On my second ambulance run ever I was told, "We don't run. We do the EMT-Walk(tm)."

I remember watching Rescue 911. It was so hard to ever take Shatner seriously. I enjoyed the show though.


----------



## 41 Duck

I do not run.  Unless in mortal danger.  And even then, I prefer to fight.


Later!

--Coop


----------



## Sasha

41 Duck said:


> I do not run.  Unless in mortal danger.  And even then, I prefer to fight.
> 
> 
> Later!
> 
> --Coop




I'd prefer to run away! Fight another day, they say.


----------



## Flight-LP

Ridryder911 said:


> This reminds me of many years ago there was a show called Rescue 911, it was hosted by William Shatner. It basically had re-enactments of life saving calls.
> 
> R/r 911



***sigh*** The sad part is I vividly remember watching this show every week while at work. Thanks for the "many years ago" addition, I really wasn't feeling old enough this morning..................


----------



## EeyoreEMT

Well, in most cases running makes you look like an idiot, especially when you fall or stumble, my nickname was Miss Congeniality, from the tripping, to dripping food, having a backup gun for my back up and then always carrying at least two knives, ya a little obsessive, i know. However, there have been calls I have ran on. A month old baby not breathing, still pink-closed family friend who hung herself, we missed her by 20 minutes according to the coronor; an a kinda hustly for entrapment or people I know. If your upset, they will get upset.


----------



## EeyoreEMT

Hey, 911 guy, I worked with a medic who was on 911 for saving a kid trapped under ice in a pond. It was like 20-30 under, he got her back. It was pretty cool.


----------



## EeyoreEMT

No, the best show was Emergency! I loved it and that's what I wanted to do when I grew up. And, there's the classic movie "Mother, Juggs and Speed"


----------



## imurphy

When I started on a vol unit, back in 1996, I remember running to my first call. Something stupid I think I was covering a soccer event or something. 

My OC called me back, smacked me upside the head, and said "We never run. We look stupid"

That's how I learnt everythign my first year. If I messed up, I was hit in the head. And I can tell you, I never forgot any of that stuff!


----------



## Airwaygoddess

I don't run I just walk very quickly  ******


----------



## Airwaygoddess

*Made Airway's day!*



EeyoreEMT said:


> No, the best show was Emergency! I loved it and that's what I wanted to do when I grew up. And, there's the classic movie "Mother, Juggs and Speed"
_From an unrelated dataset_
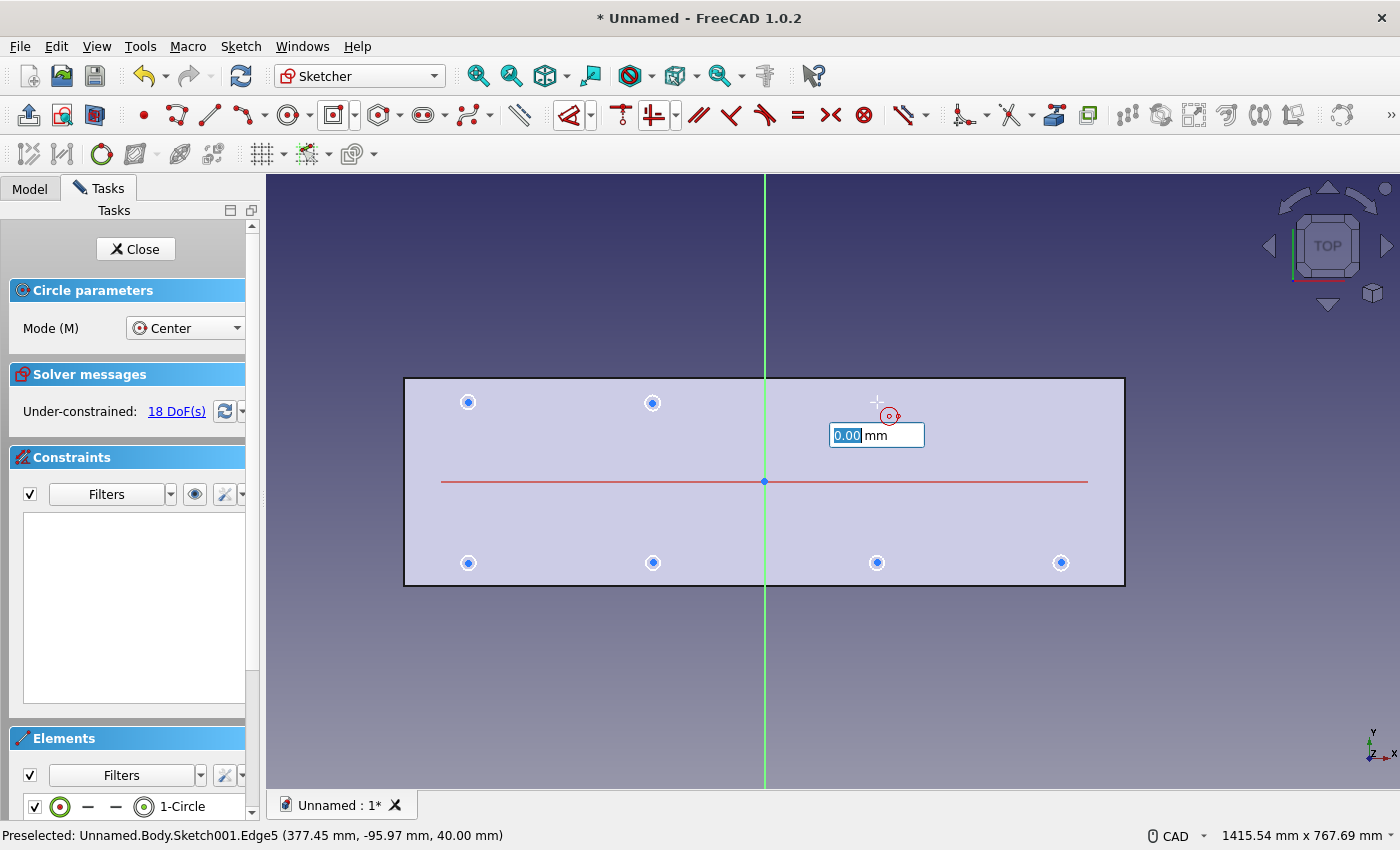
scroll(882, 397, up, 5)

Eeyore you are my new best bud!!!   ^_^^_^     KMG365!!  WooT! WooT!


----------



## marineman

Flight-LP said:


> ***sigh*** The sad part is I vividly remember watching this show every week while at work. Thanks for the "many years ago" addition, I really wasn't feeling old enough this morning..................



If it makes you feel any better I could only watch half of it because at that age I had to be in bed by 8


----------



## daedalus

The sad part is that while LA county got a great start (Emergency!), they still think they are in that era and the protocols have not changed since. In fact, the red paramedic squads and the orange tackle boxes are the same now as they were then.


----------



## Sapphyre

daedalus said:


> The sad part is that while LA county got a great start (Emergency!), they still think they are in that era and the protocols have not changed since. In fact, the red paramedic squads and the orange tackle boxes are the same now as they were then.
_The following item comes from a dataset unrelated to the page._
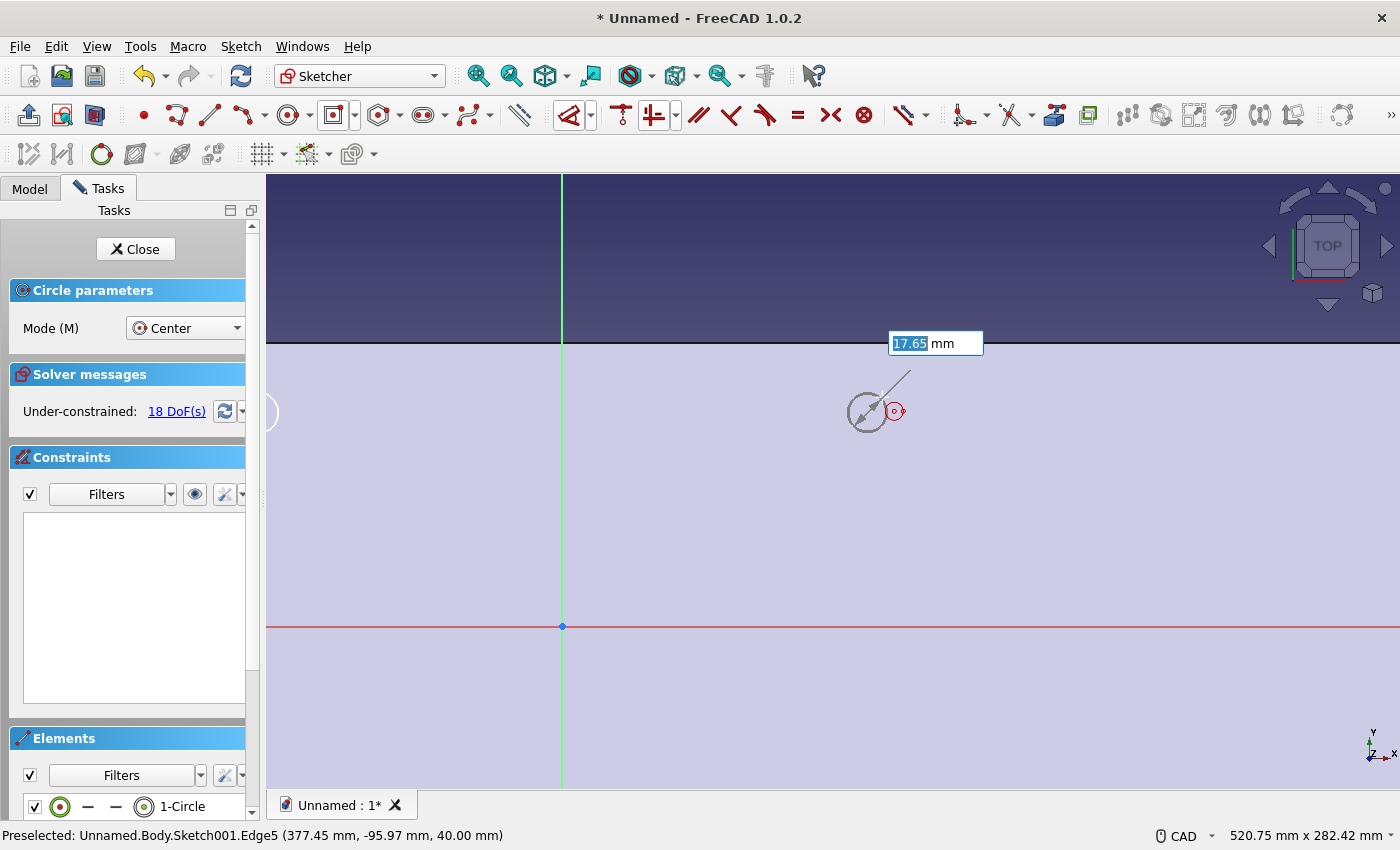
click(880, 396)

Don't forget the BLS 911 ambulances...


----------



## Jon

Flight-LP said:


> ***sigh*** The sad part is I vividly remember watching this show every week while at work. Thanks for the "many years ago" addition, I really wasn't feeling old enough this morning..................


Hey - When I was a junior at the VFC, we had Emergency! in re-runs every day at 1600 - it was referred to as "Training" and an effort was usually made to watch it... sometimes with some interesting discussions about how we'd accomplish this or that.

And I'm not that old. AK - just say you watched re-runs and all will be good!


----------



## Jon

Summit said:


> On my second ambulance run ever I was told, "We don't run. We do the EMT-Walk(tm)."


I was told about the same. And now that I'm older, and wiser than I was then... I get to educate the current n00b's.




Summit said:


> I remember watching Rescue 911. It was so hard to ever take Shatner seriously. I enjoyed the show though.


How can it be .... hard....... to take...... William Shatner.... Seriously?


----------



## Second

daedalus said:


> The sad part is that while LA county got a great start (Emergency!), they still think they are in that era and the protocols have not changed since. In fact, the red paramedic squads and the orange tackle boxes are the same now as they were then.



I heard that when ppl called 911 they asked if the guys from tv could come to help them...

I couldnt help but laugh when I heard this


----------



## Fir Na Au Saol

I've always had in pounded into my head to never run on a scene for two reasons. 

1. Safety. You fall and break yourself, then you are just an extra patient to drag along.
2. Professional image. You're the one to whom everybody is looking to be the source of calm in the midst of crisis.

I have heard veterans threaten to break a newbie's leg if they ever saw him/her running on a scene again. (The threat was really in jest, but it was used to emphasize the lesson.)


----------



## Fir Na Au Saol

*Station 51, KMG 365!*



EeyoreEMT said:


> No, the best show was Emergency! I loved it and that's what I wanted to do when I grew up. And, there's the classic movie "Mother, Juggs and Speed"


I have the first 4 seasons of Emergency on DVD. I remember watching Johnny and Roy religiously every week as a kid. I almost cried when I had to miss an EMS conference here in New Mexico that featured Randy Mantooth as guest speaker. 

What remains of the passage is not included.